(Data entries)
^^^^^^^^

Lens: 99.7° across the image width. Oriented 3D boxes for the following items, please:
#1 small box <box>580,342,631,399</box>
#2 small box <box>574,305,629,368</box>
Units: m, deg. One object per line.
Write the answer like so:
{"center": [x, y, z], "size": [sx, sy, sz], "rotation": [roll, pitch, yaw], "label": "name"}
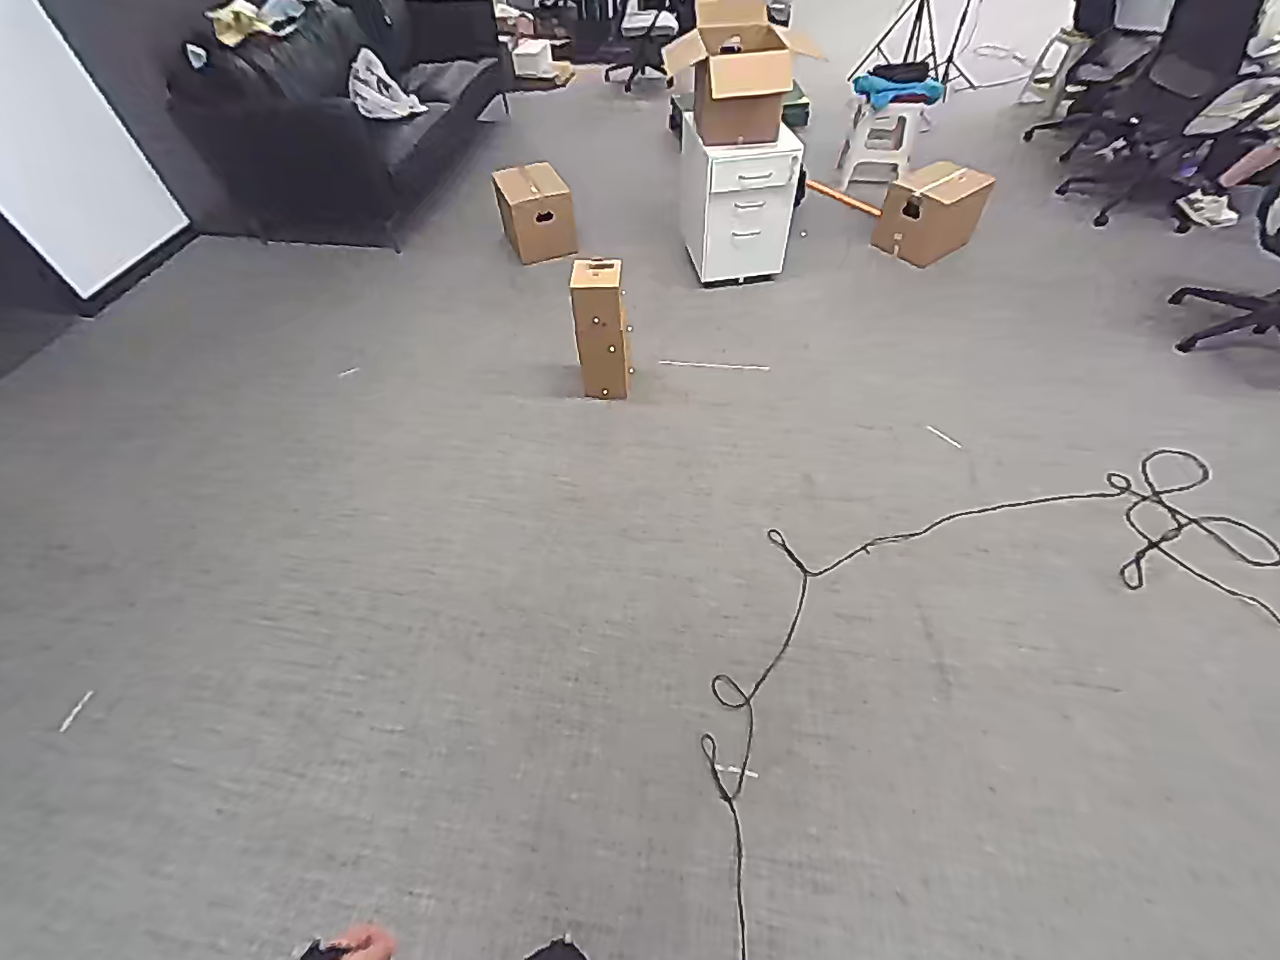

^^^^^^^^

### Work instructions
The expected answer is an exact copy of the lines from the one containing "#1 small box <box>580,342,631,399</box>" through the last line of the entries above, both included, without pictures.

### Your solution
#1 small box <box>580,342,631,399</box>
#2 small box <box>574,305,629,368</box>
Units: m, deg. One object per line.
Write the answer like so:
{"center": [x, y, z], "size": [sx, sy, sz], "rotation": [roll, pitch, yaw], "label": "name"}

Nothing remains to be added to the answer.